The different methods of drawing the perpendicular bisector upon a given line segment are discussed below:

**Method – 1 (Paper folding process):**

**Drawing process:**

- We take a rectangular piece of paper and fold the paper along a horizontal line.
- Then open the folding (in along the CD).
- Along the folding, draw a line segment AB.
- Now the paper is folded vertically (in the along EF) such that point A completely falls D on point B.
- Now, open the folding paper and draw a line segment OP along the vertical folding and it intersects the line segment AB at point P.
- ∴ OP is the required perpendicular bisector of the line segment AB.

**Method – 2 (with the help of scale and pencil compass):**

**Drawing Process:**

- At first, we draw a line segment AB with the help of scale.
- With the centers at A and B respectively, taking the
- radius equal to the length AB, we draw two circular arcs with help of a pencil compass.
- Let the arcs intersect each other at points O and Q.
- Join the points O and Q with a scale.
- Let this line segment OQ intersect AB at P.
- OP is the required perpendicular bisector of the line segment AB.

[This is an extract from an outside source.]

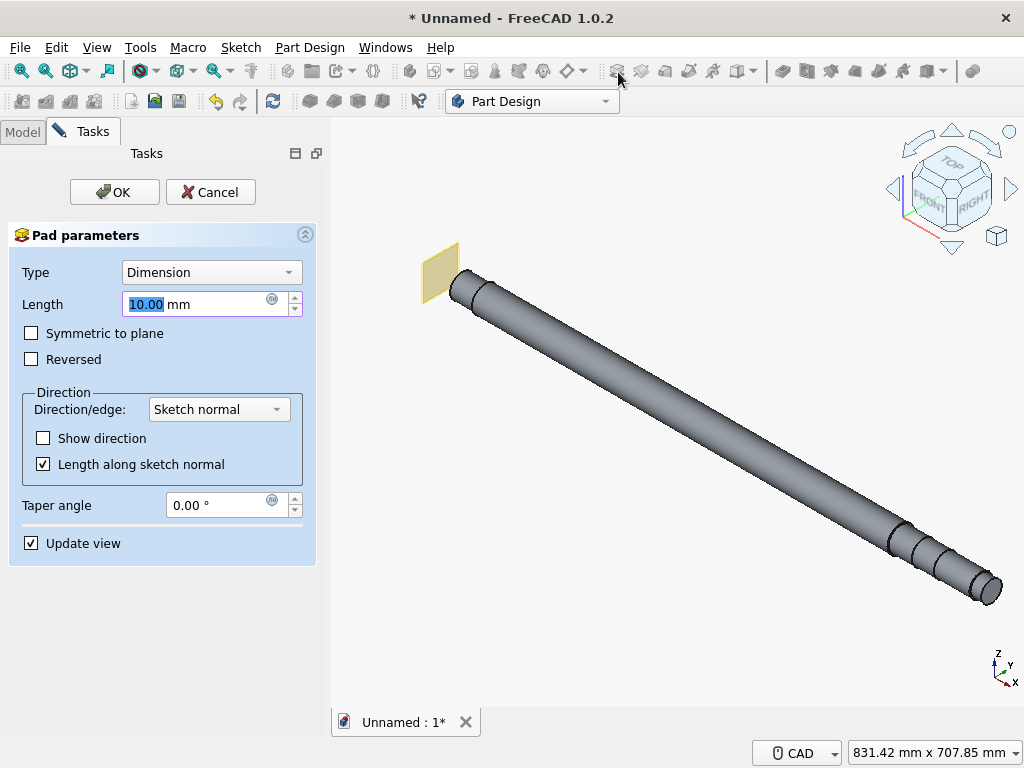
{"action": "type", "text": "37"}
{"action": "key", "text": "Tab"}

**Class 6 Math Solution WBBSE**

Method – 3 (with the help of scale and pencil compass):

**Drawing Process:**

- With the help of a scale, draw a line segment AB.
- With the center at point A, taking the radius greater than, half of AB, draw two arcs, one arc on each side of the line segment AB.
- With the center at point B, taking the same radius, draw two arcs, one arc on each side of the line segment AB.
- Let these arcs intersect the previous arcs at points O and Q respectively.
- With the help of a scale, join O and Q.
- Let the line segment OQ intersect the line segment AB at P.
- OP is the required perpendicular bisector of the line segment AB.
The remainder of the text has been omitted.